Participation in sport may influence mental health via some combination of the social mechanisms identified by Thoits, and the neurobiological, psychosocial, and behavioral mechanisms stemming from physical activity identified by Lubans [29, 64]. The exact mechanisms through which sport may confer psychological benefit is likely to vary between sports, as each sport varies in its physical and social requirements. One must also consider the social effects of sports participation both on and off the field. For instance, membership of a sporting team and/or club may provide a sense of identity and belonging—an effect that persists beyond the immediacy of playing the sport and may have a persistent effect on their psychological health. Furthermore, the potential for team-based activity to provide additional benefit to psychological outcomes may not just be attributable to the differences in social interactions, there are also physiological differences in the requirements for sport both within (team vs. team) and between (team vs. individual) categories that may elicit additional improvements in psychological outcomes.

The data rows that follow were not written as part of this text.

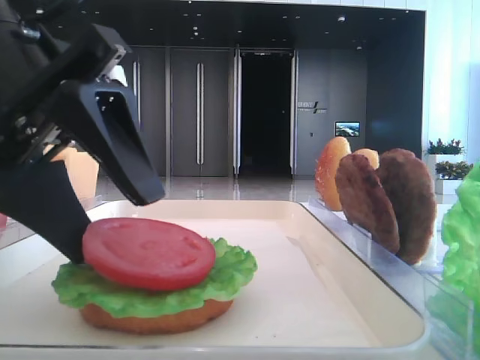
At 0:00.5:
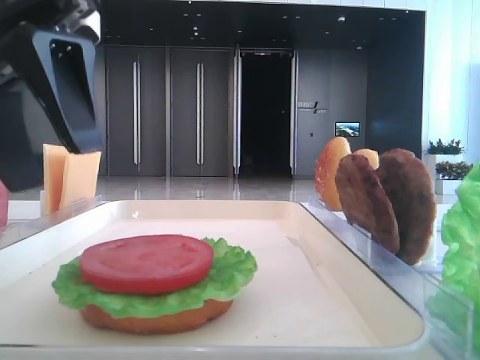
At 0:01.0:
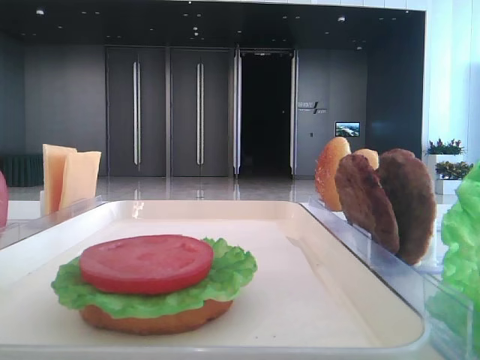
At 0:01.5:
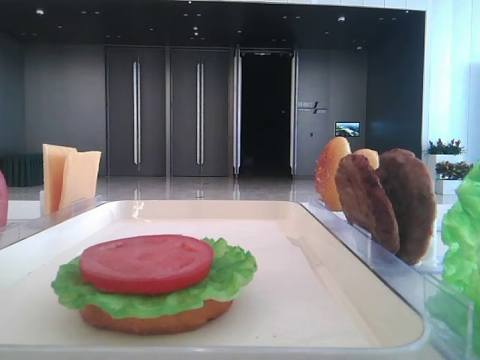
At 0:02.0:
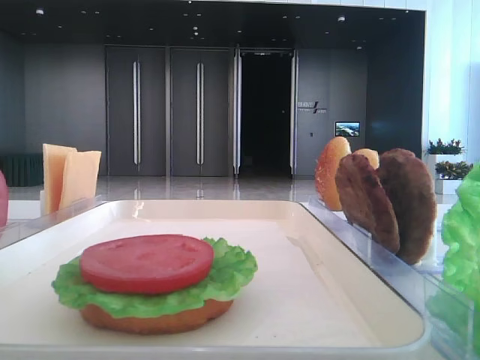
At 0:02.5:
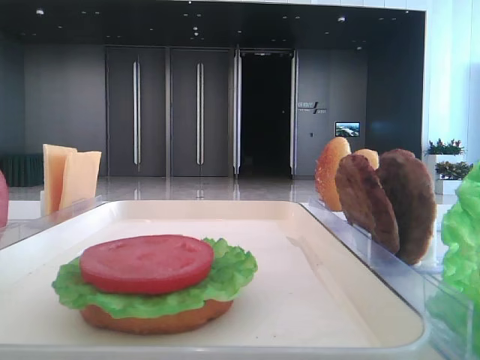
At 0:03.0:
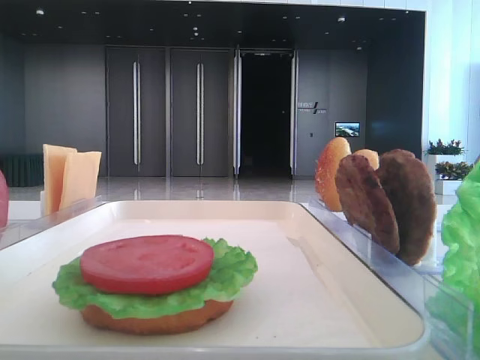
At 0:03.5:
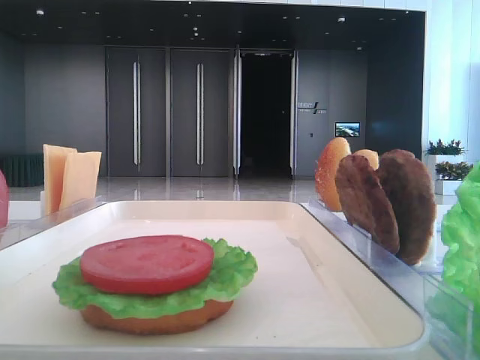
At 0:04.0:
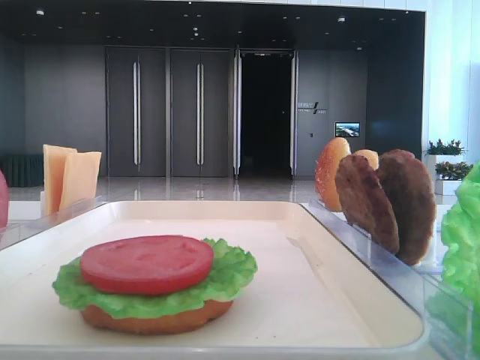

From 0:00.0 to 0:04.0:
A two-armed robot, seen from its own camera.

For example, evidence supports that exercise intensity moderates the relationship between physical activity and several psychological outcomes—supporting that sports performed at higher intensity will be more beneficial for psychological health.

Limitations and recommendations

There are several limitations of this review worthy of consideration. Firstly, amongst the included studies there was considerable heterogeneity in study outcomes and study methodology, and self-selection bias (especially in non-experimental studies) is likely to influence study findings and reduce the likelihood that study participants and results are representative of the overall population. Secondly, the predominately observational evidence included in this and Eime’s prior review enabled us to identify the positive relationship between sports participation and social and psychological health (and examine directionality)—but more experimental and longitudinal research is required to determine causality and explore potential mechanisms responsible for the effect of sports participation on participant outcomes. Additional qualitative work would also help researchers gain a better understanding of the relationship between specific elements of the sporting environment and mental health and social outcomes in adult participants. Thirdly, there were no studies identified in the literature where sports participation involved animals (such as equestrian sports) or guns (such as shooting sports). Such studies may present novel and important variables in the assessment of mental health benefits for participants when compared to non-participants or participants in sports not involving animals/guns—further research is needed in this area. Our proposed conceptual model also identifies several pathways through which sport may lead to improvements in mental health—but excludes some potentially negative influences (such as poor coaching behaviors and injury). And our model is not designed to capture all possible mechanisms, creating the likelihood that other mechanisms exist but are not included in this review. Additionally, an interrelationship exits between physical activity, mental health, and social relationships, whereby changes in one area may facilitate changes in the other/s; but for the purpose of this study, we have focused on how the physical and social elements of sport may mediate improvements in psychological outcomes. Consequently, our conceptual model is not all-encompassing, but designed to inform and guide future research investigating the impact of sport participation on mental health.


The findings of this review endorse that participation in sport is beneficial for psychological well-being, indicators of psychological ill-being, and social outcomes in adults. Furthermore, participation in team sports is associated with better psychological and social outcomes compared to individual sports or other physical activities. Our findings support and add to previous review findings [1]; and have informed the development of our ‘Mental Health through Sport’ conceptual model for adults which presents the potential mechanisms by which participation in sport may affect mental health.